# TO DO:
Copy exactly the lines from the first line of the records below through the line containing "8) ape figurine from (256, 269) to (284, 289)", including both, and nothing else.

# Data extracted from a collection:

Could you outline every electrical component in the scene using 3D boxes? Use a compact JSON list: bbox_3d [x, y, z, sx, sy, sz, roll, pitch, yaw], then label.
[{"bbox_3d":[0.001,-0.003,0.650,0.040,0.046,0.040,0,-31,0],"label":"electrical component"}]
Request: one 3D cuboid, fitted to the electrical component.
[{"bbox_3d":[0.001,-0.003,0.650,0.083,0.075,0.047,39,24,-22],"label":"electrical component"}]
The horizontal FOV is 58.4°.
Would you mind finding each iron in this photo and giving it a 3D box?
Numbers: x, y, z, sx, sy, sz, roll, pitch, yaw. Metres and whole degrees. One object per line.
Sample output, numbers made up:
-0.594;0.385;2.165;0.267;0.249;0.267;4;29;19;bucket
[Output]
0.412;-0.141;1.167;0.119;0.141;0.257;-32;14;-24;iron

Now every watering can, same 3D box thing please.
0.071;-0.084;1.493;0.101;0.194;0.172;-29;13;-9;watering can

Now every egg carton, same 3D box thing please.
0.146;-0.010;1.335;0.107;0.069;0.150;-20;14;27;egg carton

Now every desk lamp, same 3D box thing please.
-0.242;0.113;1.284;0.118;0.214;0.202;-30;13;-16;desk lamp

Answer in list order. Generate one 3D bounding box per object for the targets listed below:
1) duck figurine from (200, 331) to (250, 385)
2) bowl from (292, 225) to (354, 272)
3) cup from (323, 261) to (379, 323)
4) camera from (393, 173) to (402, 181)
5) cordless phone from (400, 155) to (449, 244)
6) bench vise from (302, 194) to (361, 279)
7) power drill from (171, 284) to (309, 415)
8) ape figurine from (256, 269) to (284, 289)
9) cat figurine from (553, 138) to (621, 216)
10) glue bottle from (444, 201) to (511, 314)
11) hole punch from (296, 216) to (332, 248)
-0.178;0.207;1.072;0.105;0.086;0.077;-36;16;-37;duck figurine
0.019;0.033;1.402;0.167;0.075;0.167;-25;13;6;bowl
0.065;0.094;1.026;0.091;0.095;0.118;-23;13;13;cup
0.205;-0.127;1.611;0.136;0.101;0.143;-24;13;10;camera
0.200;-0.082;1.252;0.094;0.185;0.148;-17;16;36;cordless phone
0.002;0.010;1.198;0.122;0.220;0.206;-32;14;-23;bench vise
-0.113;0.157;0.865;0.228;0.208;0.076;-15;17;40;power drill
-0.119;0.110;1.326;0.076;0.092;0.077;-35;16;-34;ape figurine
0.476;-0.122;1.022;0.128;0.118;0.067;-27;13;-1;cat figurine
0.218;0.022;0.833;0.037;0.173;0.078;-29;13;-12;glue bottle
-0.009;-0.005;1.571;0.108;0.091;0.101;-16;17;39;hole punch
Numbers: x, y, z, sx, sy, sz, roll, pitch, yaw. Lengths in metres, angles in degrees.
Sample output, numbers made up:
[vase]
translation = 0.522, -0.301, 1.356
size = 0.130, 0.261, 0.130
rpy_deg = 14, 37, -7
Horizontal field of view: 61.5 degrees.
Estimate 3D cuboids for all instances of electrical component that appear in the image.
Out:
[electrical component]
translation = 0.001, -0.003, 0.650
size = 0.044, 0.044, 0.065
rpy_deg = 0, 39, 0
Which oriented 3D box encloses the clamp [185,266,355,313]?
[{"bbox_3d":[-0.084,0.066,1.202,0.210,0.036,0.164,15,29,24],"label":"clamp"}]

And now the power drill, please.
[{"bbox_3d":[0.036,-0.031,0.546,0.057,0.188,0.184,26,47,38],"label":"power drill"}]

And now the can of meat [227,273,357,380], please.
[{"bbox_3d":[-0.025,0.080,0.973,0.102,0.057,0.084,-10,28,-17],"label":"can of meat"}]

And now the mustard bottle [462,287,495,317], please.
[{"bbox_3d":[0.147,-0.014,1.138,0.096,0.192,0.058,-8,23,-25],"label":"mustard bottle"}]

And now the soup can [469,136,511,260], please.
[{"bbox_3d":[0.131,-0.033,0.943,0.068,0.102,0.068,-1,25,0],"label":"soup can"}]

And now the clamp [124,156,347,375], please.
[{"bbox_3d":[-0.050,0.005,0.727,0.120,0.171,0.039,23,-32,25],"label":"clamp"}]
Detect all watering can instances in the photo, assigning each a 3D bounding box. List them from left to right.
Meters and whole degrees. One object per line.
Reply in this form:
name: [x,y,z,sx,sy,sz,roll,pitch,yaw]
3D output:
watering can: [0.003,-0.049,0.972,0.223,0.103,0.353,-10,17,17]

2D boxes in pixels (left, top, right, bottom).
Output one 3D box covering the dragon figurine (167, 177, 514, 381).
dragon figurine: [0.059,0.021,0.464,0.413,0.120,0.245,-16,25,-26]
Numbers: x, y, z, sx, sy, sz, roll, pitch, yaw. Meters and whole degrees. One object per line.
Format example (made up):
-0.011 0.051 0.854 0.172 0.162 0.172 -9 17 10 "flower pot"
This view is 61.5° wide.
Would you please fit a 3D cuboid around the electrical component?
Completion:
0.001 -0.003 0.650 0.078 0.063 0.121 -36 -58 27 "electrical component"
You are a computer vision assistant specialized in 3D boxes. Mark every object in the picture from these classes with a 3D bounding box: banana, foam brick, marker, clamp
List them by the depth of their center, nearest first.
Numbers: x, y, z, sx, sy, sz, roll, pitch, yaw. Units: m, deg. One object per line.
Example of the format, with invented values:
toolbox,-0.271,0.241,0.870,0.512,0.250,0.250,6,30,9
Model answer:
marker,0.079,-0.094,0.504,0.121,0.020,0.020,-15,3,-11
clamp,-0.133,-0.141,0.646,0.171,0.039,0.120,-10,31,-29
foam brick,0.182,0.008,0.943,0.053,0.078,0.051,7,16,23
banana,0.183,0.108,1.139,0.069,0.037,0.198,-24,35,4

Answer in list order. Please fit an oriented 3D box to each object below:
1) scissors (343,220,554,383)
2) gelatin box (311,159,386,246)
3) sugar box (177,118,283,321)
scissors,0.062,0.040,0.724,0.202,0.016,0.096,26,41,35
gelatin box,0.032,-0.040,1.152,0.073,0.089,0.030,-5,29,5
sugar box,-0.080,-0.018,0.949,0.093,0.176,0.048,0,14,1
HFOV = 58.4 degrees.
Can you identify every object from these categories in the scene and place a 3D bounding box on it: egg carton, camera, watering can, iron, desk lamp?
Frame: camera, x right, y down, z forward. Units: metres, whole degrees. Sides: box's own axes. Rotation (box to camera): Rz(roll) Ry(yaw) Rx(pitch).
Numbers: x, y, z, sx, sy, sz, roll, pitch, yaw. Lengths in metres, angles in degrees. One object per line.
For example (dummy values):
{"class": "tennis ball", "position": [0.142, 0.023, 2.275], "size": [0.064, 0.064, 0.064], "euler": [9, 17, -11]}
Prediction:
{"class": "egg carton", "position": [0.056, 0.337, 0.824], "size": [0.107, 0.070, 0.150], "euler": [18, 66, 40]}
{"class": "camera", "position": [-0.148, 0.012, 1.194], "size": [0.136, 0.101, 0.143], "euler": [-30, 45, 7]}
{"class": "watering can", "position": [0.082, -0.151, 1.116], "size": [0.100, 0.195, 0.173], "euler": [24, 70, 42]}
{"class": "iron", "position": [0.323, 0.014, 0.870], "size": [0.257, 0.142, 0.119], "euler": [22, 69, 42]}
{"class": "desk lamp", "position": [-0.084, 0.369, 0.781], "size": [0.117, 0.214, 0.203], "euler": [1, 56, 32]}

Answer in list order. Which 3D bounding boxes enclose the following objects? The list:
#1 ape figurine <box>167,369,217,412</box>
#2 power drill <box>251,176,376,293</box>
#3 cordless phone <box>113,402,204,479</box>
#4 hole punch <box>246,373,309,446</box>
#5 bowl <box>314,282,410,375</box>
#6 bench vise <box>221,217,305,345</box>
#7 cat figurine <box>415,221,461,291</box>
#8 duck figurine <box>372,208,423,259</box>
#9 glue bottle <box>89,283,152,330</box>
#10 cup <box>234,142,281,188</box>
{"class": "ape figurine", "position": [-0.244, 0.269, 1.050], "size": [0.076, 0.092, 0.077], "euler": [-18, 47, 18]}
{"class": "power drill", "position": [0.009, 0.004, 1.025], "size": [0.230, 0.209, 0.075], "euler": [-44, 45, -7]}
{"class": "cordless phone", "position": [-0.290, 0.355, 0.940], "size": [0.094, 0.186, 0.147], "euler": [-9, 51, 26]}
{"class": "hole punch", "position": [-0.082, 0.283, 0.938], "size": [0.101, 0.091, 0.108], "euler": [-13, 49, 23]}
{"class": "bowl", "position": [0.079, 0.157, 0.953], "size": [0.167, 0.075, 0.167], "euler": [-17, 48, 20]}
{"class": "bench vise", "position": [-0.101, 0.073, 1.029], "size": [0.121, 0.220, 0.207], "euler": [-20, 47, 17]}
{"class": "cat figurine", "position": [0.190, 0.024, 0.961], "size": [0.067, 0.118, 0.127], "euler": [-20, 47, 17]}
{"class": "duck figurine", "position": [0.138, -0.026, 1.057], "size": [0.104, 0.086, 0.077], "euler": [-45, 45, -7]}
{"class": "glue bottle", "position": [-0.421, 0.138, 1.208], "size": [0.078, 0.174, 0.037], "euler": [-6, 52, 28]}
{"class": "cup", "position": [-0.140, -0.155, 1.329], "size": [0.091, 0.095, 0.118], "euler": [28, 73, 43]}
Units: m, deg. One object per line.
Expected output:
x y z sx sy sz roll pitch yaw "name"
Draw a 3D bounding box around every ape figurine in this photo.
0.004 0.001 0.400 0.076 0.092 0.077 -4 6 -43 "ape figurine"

# YOUR SOLUTION:
Could you outline every electrical component in the scene using 3D boxes? Use a compact JSON list: bbox_3d [x, y, z, sx, sy, sz, roll, pitch, yaw], then label.
[{"bbox_3d":[0.001,-0.003,0.650,0.040,0.046,0.040,0,-31,0],"label":"electrical component"}]
Request: one 3D cuboid, fitted to the electrical component.
[{"bbox_3d":[0.001,-0.003,0.650,0.083,0.075,0.047,39,24,-22],"label":"electrical component"}]
The horizontal FOV is 58.4°.
Would you mind finding each iron in this photo and giving it a 3D box?
Numbers: x, y, z, sx, sy, sz, roll, pitch, yaw. Metres and whole degrees. One object per line.
Sample output, numbers made up:
-0.594;0.385;2.165;0.267;0.249;0.267;4;29;19;bucket
[Output]
0.412;-0.141;1.167;0.119;0.141;0.257;-32;14;-24;iron

Now every watering can, same 3D box thing please.
0.071;-0.084;1.493;0.101;0.194;0.172;-29;13;-9;watering can

Now every egg carton, same 3D box thing please.
0.146;-0.010;1.335;0.107;0.069;0.150;-20;14;27;egg carton

Now every desk lamp, same 3D box thing please.
-0.242;0.113;1.284;0.118;0.214;0.202;-30;13;-16;desk lamp

Answer in list order. Generate one 3D bounding box per object for the targets listed below:
1) duck figurine from (200, 331) to (250, 385)
2) bowl from (292, 225) to (354, 272)
3) cup from (323, 261) to (379, 323)
4) camera from (393, 173) to (402, 181)
5) cordless phone from (400, 155) to (449, 244)
6) bench vise from (302, 194) to (361, 279)
7) power drill from (171, 284) to (309, 415)
8) ape figurine from (256, 269) to (284, 289)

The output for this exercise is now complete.